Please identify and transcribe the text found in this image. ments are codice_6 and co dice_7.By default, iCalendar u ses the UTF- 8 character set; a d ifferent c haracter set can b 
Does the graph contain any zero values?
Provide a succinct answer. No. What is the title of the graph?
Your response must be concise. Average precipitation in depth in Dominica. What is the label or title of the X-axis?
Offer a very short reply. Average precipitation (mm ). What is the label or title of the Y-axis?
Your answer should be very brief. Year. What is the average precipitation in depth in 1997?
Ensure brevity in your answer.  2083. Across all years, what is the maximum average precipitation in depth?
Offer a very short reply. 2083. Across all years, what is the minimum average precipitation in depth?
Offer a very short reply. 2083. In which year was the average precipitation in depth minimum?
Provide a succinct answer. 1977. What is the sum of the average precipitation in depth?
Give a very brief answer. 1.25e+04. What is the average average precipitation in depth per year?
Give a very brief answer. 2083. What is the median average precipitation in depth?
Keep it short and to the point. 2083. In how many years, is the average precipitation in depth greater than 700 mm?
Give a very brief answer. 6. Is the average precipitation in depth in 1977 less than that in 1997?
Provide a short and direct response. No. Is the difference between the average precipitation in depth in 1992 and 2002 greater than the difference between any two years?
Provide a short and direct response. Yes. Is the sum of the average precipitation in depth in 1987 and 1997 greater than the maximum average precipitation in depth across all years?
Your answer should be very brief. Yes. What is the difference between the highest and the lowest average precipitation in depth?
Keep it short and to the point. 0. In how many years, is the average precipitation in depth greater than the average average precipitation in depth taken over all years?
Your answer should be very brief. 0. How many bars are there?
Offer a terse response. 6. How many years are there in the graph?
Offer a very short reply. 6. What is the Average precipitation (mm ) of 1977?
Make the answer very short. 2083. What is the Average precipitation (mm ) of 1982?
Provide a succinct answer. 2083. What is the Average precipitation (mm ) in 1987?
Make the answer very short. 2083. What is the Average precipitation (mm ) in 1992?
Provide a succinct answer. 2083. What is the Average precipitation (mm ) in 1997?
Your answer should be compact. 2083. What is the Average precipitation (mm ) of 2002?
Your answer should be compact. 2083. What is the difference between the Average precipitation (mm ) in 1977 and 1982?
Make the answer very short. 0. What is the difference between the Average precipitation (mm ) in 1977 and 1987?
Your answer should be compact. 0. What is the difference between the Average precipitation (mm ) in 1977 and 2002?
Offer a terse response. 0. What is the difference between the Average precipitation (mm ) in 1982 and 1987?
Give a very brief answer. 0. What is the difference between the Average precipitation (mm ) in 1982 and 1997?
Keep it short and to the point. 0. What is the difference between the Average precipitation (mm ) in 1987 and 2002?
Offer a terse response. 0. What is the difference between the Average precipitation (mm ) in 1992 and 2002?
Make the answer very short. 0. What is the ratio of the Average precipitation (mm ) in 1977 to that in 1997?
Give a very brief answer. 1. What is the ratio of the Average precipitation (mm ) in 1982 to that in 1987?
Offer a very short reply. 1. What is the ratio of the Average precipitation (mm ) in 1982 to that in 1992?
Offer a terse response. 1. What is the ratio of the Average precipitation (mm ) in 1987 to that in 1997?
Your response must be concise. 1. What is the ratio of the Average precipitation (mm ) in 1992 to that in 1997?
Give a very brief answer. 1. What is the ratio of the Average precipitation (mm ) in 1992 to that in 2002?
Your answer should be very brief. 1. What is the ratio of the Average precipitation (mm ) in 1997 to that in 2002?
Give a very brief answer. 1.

+ + +

AIM OF THE TASK >> Write out each entry exactly, and omit nothing.

REPLY >>
Please identify and transcribe the text found in this image. ments are codice_6 and co dice_7.By default, iCalendar u ses the UTF- 8 character set; a d ifferent c haracter set can b 
Does the graph contain any zero values?
Provide a succinct answer. No. What is the title of the graph?
Your response must be concise. Average precipitation in depth in Dominica. What is the label or title of the X-axis?
Offer a very short reply. Average precipitation (mm ). What is the label or title of the Y-axis?
Your answer should be very brief. Year. What is the average precipitation in depth in 1997?
Ensure brevity in your answer.  2083. Across all years, what is the maximum average precipitation in depth?
Offer a very short reply. 2083. Across all years, what is the minimum average precipitation in depth?
Offer a very short reply. 2083. In which year was the average precipitation in depth minimum?
Provide a succinct answer. 1977. What is the sum of the average precipitation in depth?
Give a very brief answer. 1.25e+04. What is the average average precipitation in depth per year?
Give a very brief answer. 2083. What is the median average precipitation in depth?
Keep it short and to the point. 2083. In how many years, is the average precipitation in depth greater than 700 mm?
Give a very brief answer. 6. Is the average precipitation in depth in 1977 less than that in 1997?
Provide a short and direct response. No. Is the difference between the average precipitation in depth in 1992 and 2002 greater than the difference between any two years?
Provide a short and direct response. Yes. Is the sum of the average precipitation in depth in 1987 and 1997 greater than the maximum average precipitation in depth across all years?
Your answer should be very brief. Yes. What is the difference between the highest and the lowest average precipitation in depth?
Keep it short and to the point. 0. In how many years, is the average precipitation in depth greater than the average average precipitation in depth taken over all years?
Your answer should be very brief. 0. How many bars are there?
Offer a terse response. 6. How many years are there in the graph?
Offer a very short reply. 6. What is the Average precipitation (mm ) of 1977?
Make the answer very short. 2083. What is the Average precipitation (mm ) of 1982?
Provide a succinct answer. 2083. What is the Average precipitation (mm ) in 1987?
Make the answer very short. 2083. What is the Average precipitation (mm ) in 1992?
Provide a succinct answer. 2083. What is the Average precipitation (mm ) in 1997?
Your answer should be compact. 2083. What is the Average precipitation (mm ) of 2002?
Your answer should be compact. 2083. What is the difference between the Average precipitation (mm ) in 1977 and 1982?
Make the answer very short. 0. What is the difference between the Average precipitation (mm ) in 1977 and 1987?
Your answer should be compact. 0. What is the difference between the Average precipitation (mm ) in 1977 and 2002?
Offer a terse response. 0. What is the difference between the Average precipitation (mm ) in 1982 and 1987?
Give a very brief answer. 0. What is the difference between the Average precipitation (mm ) in 1982 and 1997?
Keep it short and to the point. 0. What is the difference between the Average precipitation (mm ) in 1987 and 2002?
Offer a terse response. 0. What is the difference between the Average precipitation (mm ) in 1992 and 2002?
Make the answer very short. 0. What is the ratio of the Average precipitation (mm ) in 1977 to that in 1997?
Give a very brief answer. 1. What is the ratio of the Average precipitation (mm ) in 1982 to that in 1987?
Offer a very short reply. 1. What is the ratio of the Average precipitation (mm ) in 1982 to that in 1992?
Offer a terse response. 1. What is the ratio of the Average precipitation (mm ) in 1987 to that in 1997?
Your response must be concise. 1. What is the ratio of the Average precipitation (mm ) in 1992 to that in 1997?
Give a very brief answer. 1. What is the ratio of the Average precipitation (mm ) in 1992 to that in 2002?
Your answer should be very brief. 1. What is the ratio of the Average precipitation (mm ) in 1997 to that in 2002?
Give a very brief answer. 1.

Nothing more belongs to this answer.